Dans la tombe, gisait une silhouette immobile, à peine éclairée par les rayons de lune qui lui privilégiaient la dame veillant sur son repos éternel. Paresseusement l'astre lunaire concéda quelque peu de sa lueur nocturne à la femme dans la tombe.
Figée dans un tailleur couleur perle, pas encore touchée par les vers. La peau bleutée et les cheveux blonds, cette pâle lueur suffirait à détacher sa silhouette de l'obscurité environnante, lui conférant un aspect irréel.
D'autres auraient été choqués en voyant un cadavre gisant devant eux, mais Morticia avait vu et fait bien pire. Ainsi, quand elle vit ses yeux s'ouvrir, elle n'eut aucune réaction, si ce n'est peut-être un léger soupir de soulagement.
L'ancienne morte la fixa un instant, une éternité, alors que le teint bleuté de sa peau refluait pour laisser place à un ivoire à peine plus sain.
Elle cligna des yeux, inspirant l'air douceâtre de sa propre tombe. Doucement, elle se redressa, posant un pied après l'autre dans la terre avant de se lever, droite et fière.
Dans cette position, leurs yeux étaient à la même hauteur, comme il y a si longtemps de cela, le jour de leur rencontre. L'espace d'un instant, plus de trente ans disparurent, avec les premières et les éternelles secondes, les mariages et les décès, les remords et les regrets.
L'espace d'un instant il n'y avait plus que des retrouvailles et un bonheur partagé.
Mais les instants sont voués à disparaître.

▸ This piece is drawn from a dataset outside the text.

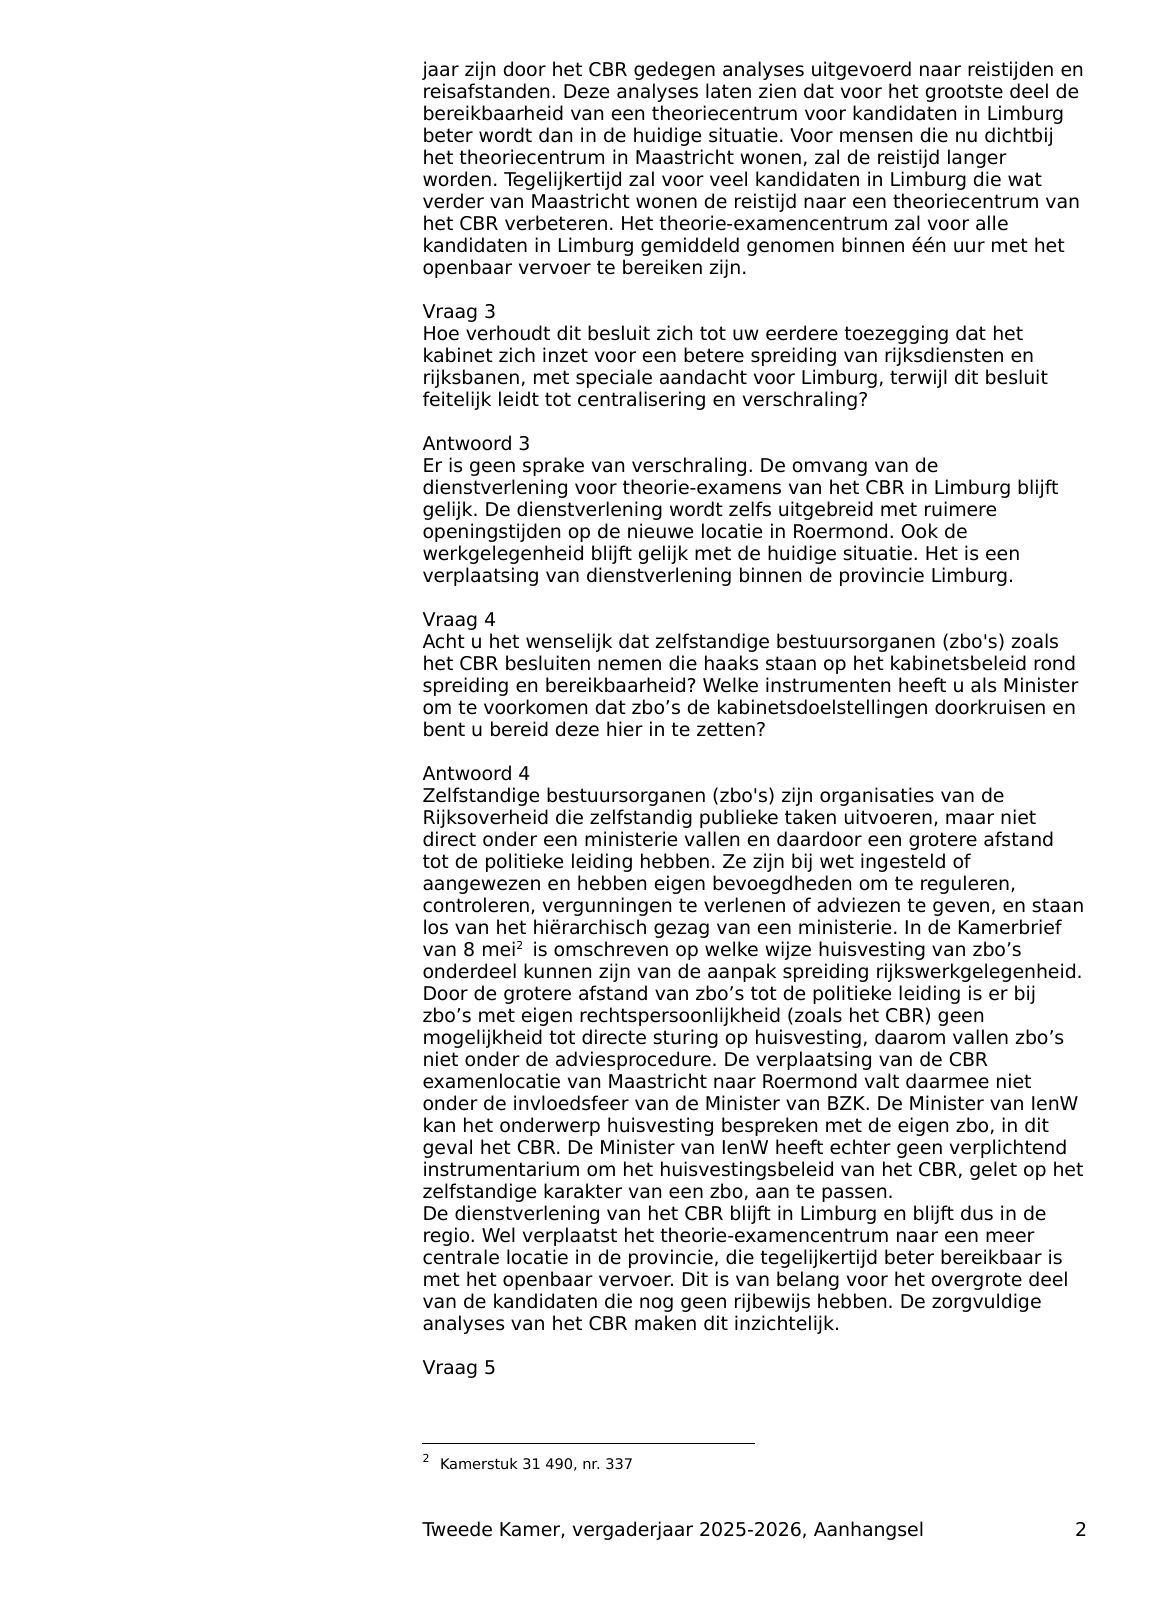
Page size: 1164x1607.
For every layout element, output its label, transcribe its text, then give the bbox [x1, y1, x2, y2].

C'est ce que fit celui-ci alors que Morticia se leva à son tour, aérienne, et lui tendit la main.
La dame en blanc ignora son offre, préférant regarder autour d'elle. La fosse dans laquelle elle se tenait, le tas de terre qui se dressait sur le côté, la plaque en bois temporaire avec son nom, témoin du peu de temps passé depuis son décès. Et dans le ciel, la lune gibbeuse descendante.
Ils avaient été pressés de l'enterrer. Pressés de la mettre de côté pour pouvoir avancer.
Pressés de l'oublier…
Et pourtant quelqu'un était là, dans la nuit, pour elle. Quelqu'un qui avait cru en elle. C'était impensable, impossible. Mais dans toute son impossibilité, malgré le temps et les rancunes, elle n'était pas étonnée que ce soit Morticia.
« J'ai toujours cru que j'aurais un jour à creuser mon chemin vers la surface. Et te voilà, toujours parfaite, quelle surprise.
– La Chose m'a prêté main forte, c'est à ça que sert la famille.
– La famille ? Cela fait bien longtemps que ce concept m'est étranger.
– Oh, Rissa. Nous étions des Belladones, tu es la preuve que les fleurs vénéneuses ne peuvent s'entre-tuer.
Un mince sourire tordit ses lèvres bleues, et elle attrapa le poignet de son ancienne amie.
– Un tel compliment de ta part, Morticia ? Je vais penser ne pas m'être réveillée.
– Alors c'est un rêve mortifère partagé ».
Morticia enroula ses doigts aiguisés autour du poignet encore froid de Larissa, et la tira hors de sa tombe.
Un éclair de lumière bleue illumina le cimetière. Réveillant une nuée de corbeaux qui s'envola, seuls témoins d'une vision éphémère. La vision d'une femme vêtue de noir, Mort au visage d'os, tirer de terre une silhouette vêtue d'un linceul blanc, fantôme arraché à son corps.
L'obscurité se rabattit, cachant sous son voile le départ de deux anciennes amies, de deux rivales, deux amies retrouvées. Laissant derrière elles un cercueil vide, qu'une main recouvrait de terre sans un bruit.
Lorsque le tonnerre résonna, elles étaient déjà parties.
Et le vent se remit à souffler…
Au matin, les colombes chanteraient.